Diabetes Insipidus Treatment Guidelines
Also called arginine vasopressin or avp.
Diabetes insipidus treatment guidelines. Patient unable to maintain oral fluid intake urine output higher than fluid intake hypernatremia. Consideration should be given to. Baseline investigations should include urea and electrolytes full ward test of urine and paired serum and urine osmolality. Diabetes insipidus is present when the serum osmolality is raised 295milliosmol kg with inappropriately dilute urine urine osmolality 700milliosmol kg.
Replacement of previous and ongoing fluid losses is also important. Central diabetes insipidus di due to reduced synthesis or release of arginine vasopressin avp from the hypothalamo pituitary axis. The major symptoms of central diabetes insipidus di are polyuria nocturia and polydipsia due to the concentrating defect. Most patients with diabetes insipidus di can drink enough fluid to replace their urine losses.
The recommendations are based on an extensive review of the clinical diabetes literature. Cranial diabetes insipidus is considered mild if you produce approximately 3 to 4 litres of urine over 24 hours. Treatment of this disorder is primarily aimed at decreasing the urine output usually by increasing the activity of antidiuretic hormone adh. If this is the case you may be able to ease your symptoms by increasing the amount of water you drink to avoid dehydration.
And nephrogenic di due to renal inse. This guideline has been written to aid in the diagnosis post operative management monitoring and potential complications of diabetes insipidus. Wear a medical alert bracelet or carry a medical alert card in your wallet. Maintenance of water balance.

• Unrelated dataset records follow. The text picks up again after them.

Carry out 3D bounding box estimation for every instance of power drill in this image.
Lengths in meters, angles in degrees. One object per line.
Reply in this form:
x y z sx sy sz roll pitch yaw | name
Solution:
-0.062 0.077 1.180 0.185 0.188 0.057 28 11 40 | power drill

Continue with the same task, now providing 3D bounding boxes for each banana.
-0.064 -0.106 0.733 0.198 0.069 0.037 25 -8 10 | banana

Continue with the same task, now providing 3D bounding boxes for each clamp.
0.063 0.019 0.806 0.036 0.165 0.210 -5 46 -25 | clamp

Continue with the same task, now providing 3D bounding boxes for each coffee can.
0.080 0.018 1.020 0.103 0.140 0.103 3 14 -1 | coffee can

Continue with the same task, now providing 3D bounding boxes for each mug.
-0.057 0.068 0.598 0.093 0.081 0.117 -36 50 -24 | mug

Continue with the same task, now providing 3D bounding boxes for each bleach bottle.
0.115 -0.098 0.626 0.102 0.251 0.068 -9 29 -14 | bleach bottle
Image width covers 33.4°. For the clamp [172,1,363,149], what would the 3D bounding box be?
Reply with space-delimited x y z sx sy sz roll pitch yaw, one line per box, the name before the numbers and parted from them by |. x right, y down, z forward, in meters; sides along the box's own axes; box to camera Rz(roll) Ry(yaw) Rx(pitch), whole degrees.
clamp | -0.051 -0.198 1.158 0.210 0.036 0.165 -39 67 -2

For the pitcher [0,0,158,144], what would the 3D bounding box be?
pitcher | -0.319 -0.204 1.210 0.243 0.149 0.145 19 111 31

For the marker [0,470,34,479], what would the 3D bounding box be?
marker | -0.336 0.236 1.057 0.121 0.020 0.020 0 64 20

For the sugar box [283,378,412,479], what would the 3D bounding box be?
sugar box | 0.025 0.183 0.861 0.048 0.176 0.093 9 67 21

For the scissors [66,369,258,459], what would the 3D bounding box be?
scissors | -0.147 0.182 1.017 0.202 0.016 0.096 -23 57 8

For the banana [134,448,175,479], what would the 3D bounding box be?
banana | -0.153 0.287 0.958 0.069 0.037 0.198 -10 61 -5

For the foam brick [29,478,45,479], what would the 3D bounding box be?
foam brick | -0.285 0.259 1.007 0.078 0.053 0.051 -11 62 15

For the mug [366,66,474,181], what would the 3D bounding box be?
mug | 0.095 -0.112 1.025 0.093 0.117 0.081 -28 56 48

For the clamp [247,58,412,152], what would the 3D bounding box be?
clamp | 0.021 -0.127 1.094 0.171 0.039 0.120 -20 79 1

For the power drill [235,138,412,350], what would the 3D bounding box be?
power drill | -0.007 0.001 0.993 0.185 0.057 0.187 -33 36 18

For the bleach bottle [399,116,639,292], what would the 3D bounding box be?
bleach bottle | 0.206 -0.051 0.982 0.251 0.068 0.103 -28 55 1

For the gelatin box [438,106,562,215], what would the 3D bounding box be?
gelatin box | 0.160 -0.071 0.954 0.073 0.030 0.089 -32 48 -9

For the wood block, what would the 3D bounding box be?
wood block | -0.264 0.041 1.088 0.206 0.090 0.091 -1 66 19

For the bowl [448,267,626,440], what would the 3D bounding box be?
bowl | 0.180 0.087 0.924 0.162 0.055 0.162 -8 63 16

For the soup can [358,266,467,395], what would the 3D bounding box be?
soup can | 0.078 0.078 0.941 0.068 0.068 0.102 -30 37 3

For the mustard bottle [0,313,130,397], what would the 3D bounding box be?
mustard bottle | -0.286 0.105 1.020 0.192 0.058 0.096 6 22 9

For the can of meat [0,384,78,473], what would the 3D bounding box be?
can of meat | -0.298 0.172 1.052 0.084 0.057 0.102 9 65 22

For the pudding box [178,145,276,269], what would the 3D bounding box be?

Repeat the dose when urine output is between 200 and 250 ml h for 2 h with osmolality 200 mosm kg or urinary specific gravity 1005. Specific treatment for diabetes insipidus will be determined by your physician based on. Starting dose 1 2 μg. Your age overall health and medical history extent of the disease your tolerance for specific medications procedures or therapies expectations for the course of the disease your opinion or preference.
It also includes an algorithm for the management of a high urine output and a four hourly fluid balance chart. As long as you take your medication and have access to water when the medication s effects wear. Mild cranial diabetes insipidus may not require any medical treatment. If you have a medical emergency a health.
When oral intake is inadequate and hypernatremia is present replace losses with dextrose and water.